Они были так близко от подветренного берега, как только Хорнблауэр отважился подойти. Человек более робкий при первых признаках непогоды отошел бы подальше в море, но в таком случае робкого человека очень скоро снесло бы далеко от места, за которым ему поручено наблюдать, и ему потребовалось бы несколько дней, чтоб вернуться на позицию. А в эти дни мог задуть попутный для французов ветер, и те могли бы двинуться, куда пожелают, незамеченные.
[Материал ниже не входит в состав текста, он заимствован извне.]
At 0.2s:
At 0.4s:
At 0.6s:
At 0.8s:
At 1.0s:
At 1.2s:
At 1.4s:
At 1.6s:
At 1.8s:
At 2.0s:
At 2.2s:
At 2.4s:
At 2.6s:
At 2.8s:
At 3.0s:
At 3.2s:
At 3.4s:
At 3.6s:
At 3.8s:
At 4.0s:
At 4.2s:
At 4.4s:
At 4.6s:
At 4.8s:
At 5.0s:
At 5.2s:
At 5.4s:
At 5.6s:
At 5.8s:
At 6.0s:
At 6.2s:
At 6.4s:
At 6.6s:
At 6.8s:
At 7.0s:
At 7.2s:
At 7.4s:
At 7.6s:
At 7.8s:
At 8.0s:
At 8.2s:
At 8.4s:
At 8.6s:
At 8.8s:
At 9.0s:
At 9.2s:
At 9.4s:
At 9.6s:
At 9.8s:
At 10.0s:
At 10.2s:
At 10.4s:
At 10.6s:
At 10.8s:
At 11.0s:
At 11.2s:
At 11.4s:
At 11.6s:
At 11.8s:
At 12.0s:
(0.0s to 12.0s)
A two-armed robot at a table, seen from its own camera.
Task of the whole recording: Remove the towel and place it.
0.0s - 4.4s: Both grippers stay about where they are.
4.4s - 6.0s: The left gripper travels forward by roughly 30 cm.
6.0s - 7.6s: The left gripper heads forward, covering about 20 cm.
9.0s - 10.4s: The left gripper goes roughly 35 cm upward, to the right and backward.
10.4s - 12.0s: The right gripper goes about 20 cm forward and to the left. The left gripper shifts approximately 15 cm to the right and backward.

Казалось, на карте, помимо параллелей и меридианов, прочерчена еще одна линия, отделяющая безрассудство от разумной смелости, и Хорнблауэр держался у самой границы безрассудства. Теперь – как всегда на флоте – оставалось только ждать и смотреть. Бороться со штормовым ветром, примечая усталыми глазами все его изменения, с трудом идти на север одним галсом, делать поворот оверштаг и с таким же трудом идти на юг другим галсом, лавировать на подступах к Бресту, пока не представится возможность разглядеть получше. То же самое Хорнблауэр делал вчера, то же он будет делать бессчетное число раз, если война все-таки разразится. Он вернулся в каюту, чтобы скрыть новый приступ морской болезни.
Через некоторое время, когда ему немного полегчало, в дверь заколотили.
– Что случилось?
– Впередсмотрящий что-то прокричал с марса, сэр. Мистер Буш велел ему спуститься.
– Иду.
Хорнблауэр вышел на палубу и увидел, как впередсмотрящий перелез на бакштаг и соскользнул по нему на палубу.
– Мистер Карджил, – сказал Буш. – Пошлите другого матроса на его место.
Буш повернулся к Хорнблауэру.
– Я не мог расслышать, что он там кричит, из-за ветра, потому велел ему спуститься. Ну, что ты там увидел?
Впередсмотрящий стоял с шапкой в руках, слегка напуганный необходимостью разговаривать с офицерами.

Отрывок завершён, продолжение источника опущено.